We warmly welcome participation from all researchers and practitioners who are interested in case-based reasoning, including those who are working on related topics but have not previously attended ICCBR. In addition, we encourage participation from early-career researchers and underrepresented groups in the field.
Important Dates
Submission
Notification
Camera-Ready Copy & Author Registration
Conference Dates
Topics of Interest
Foundations
- Case authoring, elicitation, and visualization
- Case representation
- Case retrieval, indexing, and similarity measures
- Case reuse, adaptation, revision, and combination
- Case-based maintenance
- Memory-Based Reasoning
- Confidence and uncertainty
- Evaluation, simulation, and prediction
- Explanations
- Similarity metric and adaptation knowledge learning
CBR and Related Fields
- ‘Modern’ CBR
- Analogical reasoning, cognitive models, and creative reasoning
- Cloud CBR
- Counterfactual learning and reasoning
- Explainable AI (XAI)
- Intelligent agents, perception, and action
- Internet of Things
- Data mining and big data
- Machine learning (e.g., deep, instance-based/lazy, relational)
- Natural language processing and information retrieval
- Robotics and human-robot interaction
- Web CBR
- CBR and Large Language Models (LLMs)
- CBR and Retrieval-Augmented Generation (RAG)
CBR Tasks
- CBR Planning
- Conversational CBR
- Design
- Distributed CBR
- Recommender Systems
- Social CBR
- Temporal Reasoning (e.g., reasoning with traces, time series)
- Textual CBR
- User Modeling and Personalization
- Workflow management and process-oriented CBR
CBR Systems and Applications
- AI for the Social Good
- CBR architectures and frameworks
- Cooking
- Diagnosis, technical support
- E-science, cyberinfrastructure, scientific workflows
- Economics, finance
- Education (including distance learning)
- Energy, logistics, traffic
- Game AI
- Knowledge and experience management
- Medicine, health
- Science, engineering
Review Criteria
Authors must indicate one of the following submission categories:
- Theoretical / Methodological Research
- Applied Research / Emerging Applications
- Deployed Applications
All submissions will be reviewed in a single-blind process using a common set of evaluation criteria.
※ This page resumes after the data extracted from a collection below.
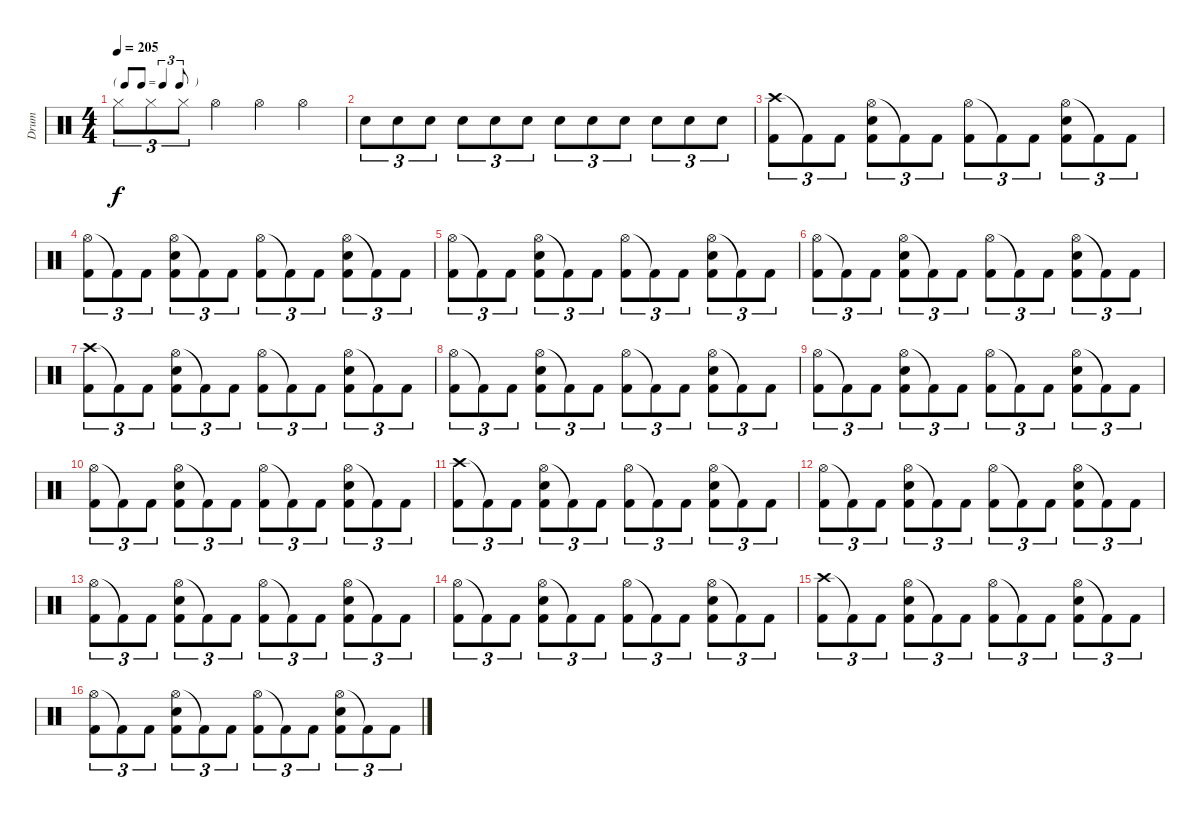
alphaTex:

\track ("Drum" "Drum") {instrument percussion}
\staff {score}
\articulation defaults
\ts (4 4)
\tf triplet8th
\tempo 205
\clef neutral
\ks c "Hi-Hat (closed)".8{tu (3 2) dy f} "Hi-Hat (closed)".8{tu (3 2)} "Hi-Hat (closed)".8{tu (3 2)} "Hi-Hat (open)".4 "Hi-Hat (open)".4 "Hi-Hat (open)".4
|
"Snare (hit) 2".8{tu (3 2)} "Snare (hit) 2".8{tu (3 2)} "Snare (hit) 2".8{tu (3 2)} "Snare (hit) 2".8{tu (3 2)} "Snare (hit) 2".8{tu (3 2)} "Snare (hit) 2".8{tu (3 2)} "Snare (hit) 2".8{tu (3 2)} "Snare (hit) 2".8{tu (3 2)} "Snare (hit) 2".8{tu (3 2)} "Snare (hit) 2".8{tu (3 2)} "Snare (hit) 2".8{tu (3 2)} "Snare (hit) 2".8{tu (3 2)} |
("Crash high (hit)" "Kick (hit) 2").8{tu (3 2)} "Kick (hit) 2"{t}.8{tu (3 2)} "Kick (hit) 2".8{tu (3 2)} ("Hi-Hat (open)" "Snare (hit) 2" "Kick (hit) 2").8{tu (3 2)} "Kick (hit) 2"{t}.8{tu (3 2)} "Kick (hit) 2".8{tu (3 2)} ("Hi-Hat (open)" "Kick (hit) 2").8{tu (3 2)} "Kick (hit) 2"{t}.8{tu (3 2)} "Kick (hit) 2".8{tu (3 2)} ("Hi-Hat (open)" "Snare (hit) 2" "Kick (hit) 2").8{tu (3 2)} "Kick (hit) 2"{t}.8{tu (3 2)} "Kick (hit) 2".8{tu (3 2)} |
("Hi-Hat (open)" "Kick (hit) 2").8{tu (3 2)} "Kick (hit) 2"{t}.8{tu (3 2)} "Kick (hit) 2".8{tu (3 2)} ("Hi-Hat (open)" "Snare (hit) 2" "Kick (hit) 2").8{tu (3 2)} "Kick (hit) 2"{t}.8{tu (3 2)} "Kick (hit) 2".8{tu (3 2)} ("Hi-Hat (open)" "Kick (hit) 2").8{tu (3 2)} "Kick (hit) 2"{t}.8{tu (3 2)} "Kick (hit) 2".8{tu (3 2)} ("Hi-Hat (open)" "Snare (hit) 2" "Kick (hit) 2").8{tu (3 2)} "Kick (hit) 2"{t}.8{tu (3 2)} "Kick (hit) 2".8{tu (3 2)} |
("Hi-Hat (open)" "Kick (hit) 2").8{tu (3 2)} "Kick (hit) 2"{t}.8{tu (3 2)} "Kick (hit) 2".8{tu (3 2)} ("Hi-Hat (open)" "Snare (hit) 2" "Kick (hit) 2").8{tu (3 2)} "Kick (hit) 2"{t}.8{tu (3 2)} "Kick (hit) 2".8{tu (3 2)} ("Hi-Hat (open)" "Kick (hit) 2").8{tu (3 2)} "Kick (hit) 2"{t}.8{tu (3 2)} "Kick (hit) 2".8{tu (3 2)} ("Hi-Hat (open)" "Snare (hit) 2" "Kick (hit) 2").8{tu (3 2)} "Kick (hit) 2"{t}.8{tu (3 2)} "Kick (hit) 2".8{tu (3 2)} |
("Hi-Hat (open)" "Kick (hit) 2").8{tu (3 2)} "Kick (hit) 2"{t}.8{tu (3 2)} "Kick (hit) 2".8{tu (3 2)} ("Hi-Hat (open)" "Snare (hit) 2" "Kick (hit) 2").8{tu (3 2)} "Kick (hit) 2"{t}.8{tu (3 2)} "Kick (hit) 2".8{tu (3 2)} ("Hi-Hat (open)" "Kick (hit) 2").8{tu (3 2)} "Kick (hit) 2"{t}.8{tu (3 2)} "Kick (hit) 2".8{tu (3 2)} ("Hi-Hat (open)" "Snare (hit) 2" "Kick (hit) 2").8{tu (3 2)} "Kick (hit) 2"{t}.8{tu (3 2)} "Kick (hit) 2".8{tu (3 2)} |
("Crash high (hit)" "Kick (hit) 2").8{tu (3 2)} "Kick (hit) 2"{t}.8{tu (3 2)} "Kick (hit) 2".8{tu (3 2)} ("Hi-Hat (open)" "Snare (hit) 2" "Kick (hit) 2").8{tu (3 2)} "Kick (hit) 2"{t}.8{tu (3 2)} "Kick (hit) 2".8{tu (3 2)} ("Hi-Hat (open)" "Kick (hit) 2").8{tu (3 2)} "Kick (hit) 2"{t}.8{tu (3 2)} "Kick (hit) 2".8{tu (3 2)} ("Hi-Hat (open)" "Snare (hit) 2" "Kick (hit) 2").8{tu (3 2)} "Kick (hit) 2"{t}.8{tu (3 2)} "Kick (hit) 2".8{tu (3 2)} |
("Hi-Hat (open)" "Kick (hit) 2").8{tu (3 2)} "Kick (hit) 2"{t}.8{tu (3 2)} "Kick (hit) 2".8{tu (3 2)} ("Hi-Hat (open)" "Snare (hit) 2" "Kick (hit) 2").8{tu (3 2)} "Kick (hit) 2"{t}.8{tu (3 2)} "Kick (hit) 2".8{tu (3 2)} ("Hi-Hat (open)" "Kick (hit) 2").8{tu (3 2)} "Kick (hit) 2"{t}.8{tu (3 2)} "Kick (hit) 2".8{tu (3 2)} ("Hi-Hat (open)" "Snare (hit) 2" "Kick (hit) 2").8{tu (3 2)} "Kick (hit) 2"{t}.8{tu (3 2)} "Kick (hit) 2".8{tu (3 2)} |
("Hi-Hat (open)" "Kick (hit) 2").8{tu (3 2)} "Kick (hit) 2"{t}.8{tu (3 2)} "Kick (hit) 2".8{tu (3 2)} ("Hi-Hat (open)" "Snare (hit) 2" "Kick (hit) 2").8{tu (3 2)} "Kick (hit) 2"{t}.8{tu (3 2)} "Kick (hit) 2".8{tu (3 2)} ("Hi-Hat (open)" "Kick (hit) 2").8{tu (3 2)} "Kick (hit) 2"{t}.8{tu (3 2)} "Kick (hit) 2".8{tu (3 2)} ("Hi-Hat (open)" "Snare (hit) 2" "Kick (hit) 2").8{tu (3 2)} "Kick (hit) 2"{t}.8{tu (3 2)} "Kick (hit) 2".8{tu (3 2)} |
("Hi-Hat (open)" "Kick (hit) 2").8{tu (3 2)} "Kick (hit) 2"{t}.8{tu (3 2)} "Kick (hit) 2".8{tu (3 2)} ("Hi-Hat (open)" "Snare (hit) 2" "Kick (hit) 2").8{tu (3 2)} "Kick (hit) 2"{t}.8{tu (3 2)} "Kick (hit) 2".8{tu (3 2)} ("Hi-Hat (open)" "Kick (hit) 2").8{tu (3 2)} "Kick (hit) 2"{t}.8{tu (3 2)} "Kick (hit) 2".8{tu (3 2)} ("Hi-Hat (open)" "Snare (hit) 2" "Kick (hit) 2").8{tu (3 2)} "Kick (hit) 2"{t}.8{tu (3 2)} "Kick (hit) 2".8{tu (3 2)} |
("Crash high (hit)" "Kick (hit) 2").8{tu (3 2)} "Kick (hit) 2"{t}.8{tu (3 2)} "Kick (hit) 2".8{tu (3 2)} ("Hi-Hat (open)" "Snare (hit) 2" "Kick (hit) 2").8{tu (3 2)} "Kick (hit) 2"{t}.8{tu (3 2)} "Kick (hit) 2".8{tu (3 2)} ("Hi-Hat (open)" "Kick (hit) 2").8{tu (3 2)} "Kick (hit) 2"{t}.8{tu (3 2)} "Kick (hit) 2".8{tu (3 2)} ("Hi-Hat (open)" "Snare (hit) 2" "Kick (hit) 2").8{tu (3 2)} "Kick (hit) 2"{t}.8{tu (3 2)} "Kick (hit) 2".8{tu (3 2)} |
("Hi-Hat (open)" "Kick (hit) 2").8{tu (3 2)} "Kick (hit) 2"{t}.8{tu (3 2)} "Kick (hit) 2".8{tu (3 2)} ("Hi-Hat (open)" "Snare (hit) 2" "Kick (hit) 2").8{tu (3 2)} "Kick (hit) 2"{t}.8{tu (3 2)} "Kick (hit) 2".8{tu (3 2)} ("Hi-Hat (open)" "Kick (hit) 2").8{tu (3 2)} "Kick (hit) 2"{t}.8{tu (3 2)} "Kick (hit) 2".8{tu (3 2)} ("Hi-Hat (open)" "Snare (hit) 2" "Kick (hit) 2").8{tu (3 2)} "Kick (hit) 2"{t}.8{tu (3 2)} "Kick (hit) 2".8{tu (3 2)} |
("Hi-Hat (open)" "Kick (hit) 2").8{tu (3 2)} "Kick (hit) 2"{t}.8{tu (3 2)} "Kick (hit) 2".8{tu (3 2)} ("Hi-Hat (open)" "Snare (hit) 2" "Kick (hit) 2").8{tu (3 2)} "Kick (hit) 2"{t}.8{tu (3 2)} "Kick (hit) 2".8{tu (3 2)} ("Hi-Hat (open)" "Kick (hit) 2").8{tu (3 2)} "Kick (hit) 2"{t}.8{tu (3 2)} "Kick (hit) 2".8{tu (3 2)} ("Hi-Hat (open)" "Snare (hit) 2" "Kick (hit) 2").8{tu (3 2)} "Kick (hit) 2"{t}.8{tu (3 2)} "Kick (hit) 2".8{tu (3 2)} |
("Hi-Hat (open)" "Kick (hit) 2").8{tu (3 2)} "Kick (hit) 2"{t}.8{tu (3 2)} "Kick (hit) 2".8{tu (3 2)} ("Hi-Hat (open)" "Snare (hit) 2" "Kick (hit) 2").8{tu (3 2)} "Kick (hit) 2"{t}.8{tu (3 2)} "Kick (hit) 2".8{tu (3 2)} ("Hi-Hat (open)" "Kick (hit) 2").8{tu (3 2)} "Kick (hit) 2"{t}.8{tu (3 2)} "Kick (hit) 2".8{tu (3 2)} ("Hi-Hat (open)" "Snare (hit) 2" "Kick (hit) 2").8{tu (3 2)} "Kick (hit) 2"{t}.8{tu (3 2)} "Kick (hit) 2".8{tu (3 2)} |
("Crash high (hit)" "Kick (hit) 2").8{tu (3 2)} "Kick (hit) 2"{t}.8{tu (3 2)} "Kick (hit) 2".8{tu (3 2)} ("Hi-Hat (open)" "Snare (hit) 2" "Kick (hit) 2").8{tu (3 2)} "Kick (hit) 2"{t}.8{tu (3 2)} "Kick (hit) 2".8{tu (3 2)} ("Hi-Hat (open)" "Kick (hit) 2").8{tu (3 2)} "Kick (hit) 2"{t}.8{tu (3 2)} "Kick (hit) 2".8{tu (3 2)} ("Hi-Hat (open)" "Snare (hit) 2" "Kick (hit) 2").8{tu (3 2)} "Kick (hit) 2"{t}.8{tu (3 2)} "Kick (hit) 2".8{tu (3 2)} |
("Hi-Hat (open)" "Kick (hit) 2").8{tu (3 2)} "Kick (hit) 2"{t}.8{tu (3 2)} "Kick (hit) 2".8{tu (3 2)} ("Hi-Hat (open)" "Snare (hit) 2" "Kick (hit) 2").8{tu (3 2)} "Kick (hit) 2"{t}.8{tu (3 2)} "Kick (hit) 2".8{tu (3 2)} ("Hi-Hat (open)" "Kick (hit) 2").8{tu (3 2)} "Kick (hit) 2"{t}.8{tu (3 2)} "Kick (hit) 2".8{tu (3 2)} ("Hi-Hat (open)" "Snare (hit) 2" "Kick (hit) 2").8{tu (3 2)} "Kick (hit) 2"{t}.8{tu (3 2)} "Kick (hit) 2".8{tu (3 2)}

Regardless of category, papers will be assessed based on:
- Scientific significance – the contribution to the field and its relevance to the ICCBR community;
- Originality – the novelty of the ideas, methods, insights, or applications presented;
- Technical quality – the soundness and rigor of the approach, methodology, analysis, and evaluation;
- Clarity – the organization, quality of writing, and transparency of the presentation;
- Reproducibility – the extent to which methods, data (where possible), experimental settings, and implementation details are described sufficiently to allow independent verification or replication.
While the same criteria apply to all submission categories, reviewers will evaluate contributions in light of the paper type (e.g., methodological rigor for theoretical work and robustness and validation for deployed systems).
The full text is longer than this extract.